The nourishment from breast milk can mean the difference between life and death, especially for babies who are premature, very small, severely malnourished, born to HIV-positive mothers, or orphaned. The need for donor milk across South Africa is substantial due to the devastating impact of the HIV epidemic, and hospitals are requesting the urgent expansion of this simple, inexpensive system to support new babies. Heat pasteurization kills potential pathogens in donated milk, such as HIV and hepatitis, while retaining the milk’s nutritional and immunological benefits. It is a critical but expensive step in human milk banking.
PATH and in collaboration with its partners has created a low-tech system that allows health care providers in neonatal units to monitor the pasteurization process in real-time on their mobile phones, ensuring that the milk is heated safely and consistently every time even when commercial-grade equipment is not available.
"[Since receiving funding,] we have been making enhancements to our cell-phone based FoneAstra milk pasteurization monitoring system. This device helps to monitor pasteurization of donor breast milk in human milk banks in South Africa. Following an initial pilot, we received suggestions from staff on how to make it even better. So the team at [University of Washington] and ShiftLabs are improving the device to make it even more affordable and easier to use.

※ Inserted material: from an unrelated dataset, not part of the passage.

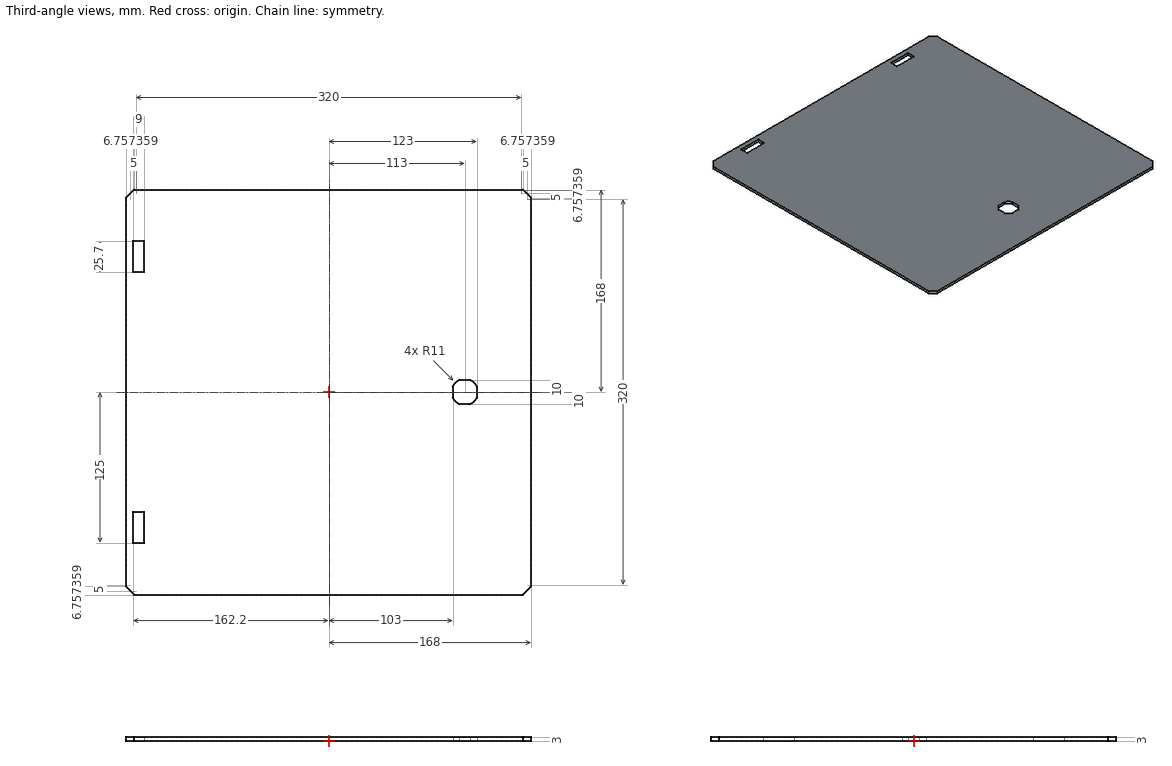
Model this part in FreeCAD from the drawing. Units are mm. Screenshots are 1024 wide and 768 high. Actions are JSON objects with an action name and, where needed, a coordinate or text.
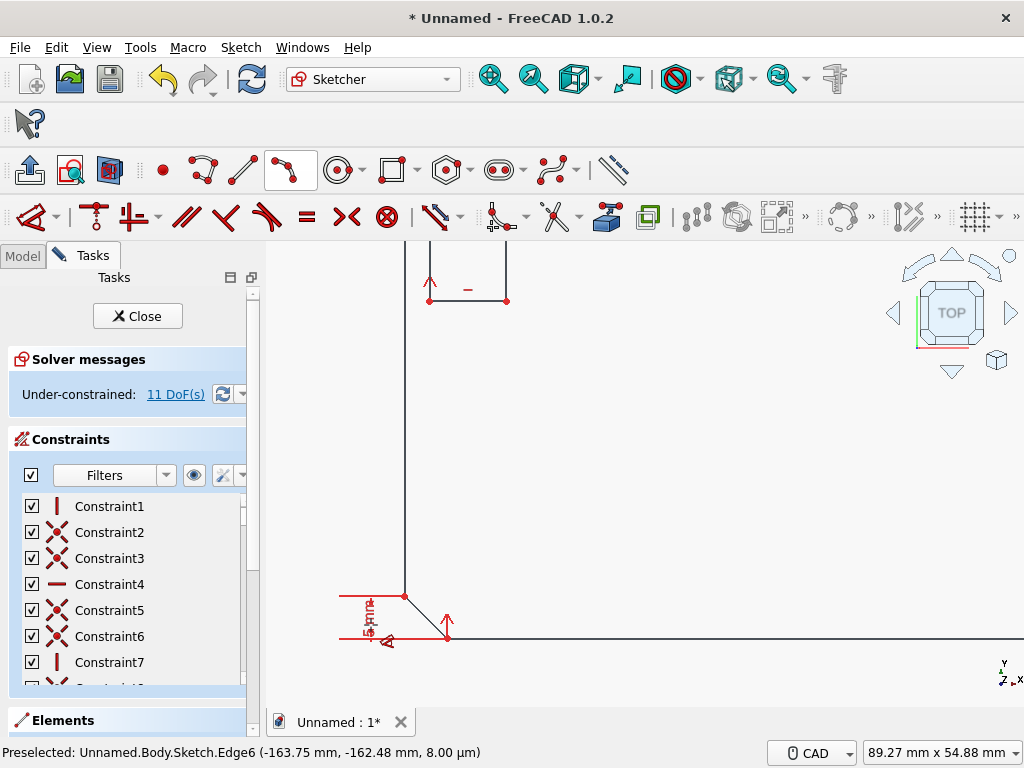
{"action": "scroll", "coordinate": [423, 628], "scroll_direction": "down", "scroll_amount": 11}

With Catapult funding, our team has supported four human milk banks already using FoneAstra to ensure the device is working correctly and the staff are properly trained. Additionally, we are improving the system in preparation to launch more human milk banks in South Africa in the coming months. This will include training staff to support all mothers - improving breastfeeding rates in the community, and increasing potential breast milk donors in the community. Training will also include safe collection and processing of breast milk.
Risks and challenges
A key risk is identifying enough donors to provide sufficient milk. To address this we are carefully designing a program to provide training to staff on how to encourage and support all mothers to exclusively breastfeed. This will build a foundation of breast milk donors. The major challenge we have faced to date, is ensuring the final design of FoneAstra is appropriate and meets our goal of low cost and simple. This has required significant time with our engineers and technical staff. We are on track and are working together to ensure a final FoneAstra system is ready for scale-up around South Africa.

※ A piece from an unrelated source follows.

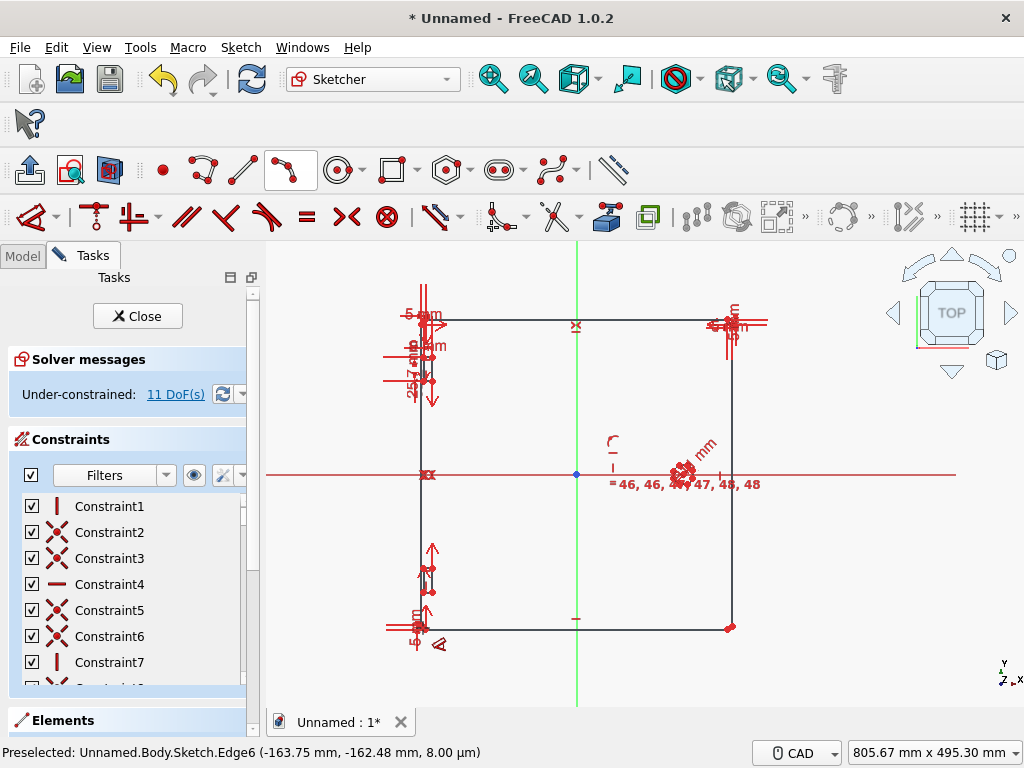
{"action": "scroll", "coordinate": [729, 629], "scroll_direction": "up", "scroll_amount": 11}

Our plan includes completing the final FoneAstra device, funding the local partner technical staff so they can train and provide assistance, and launching new human milk banks in several hospitals. To do this, our team will be meeting with doctors and government officials to advocate for human milk banking and to carefully select hospitals for the new milk banks. It is critical to choose carefully so quality control systems are in place and donor milk is a priority for newborn care.”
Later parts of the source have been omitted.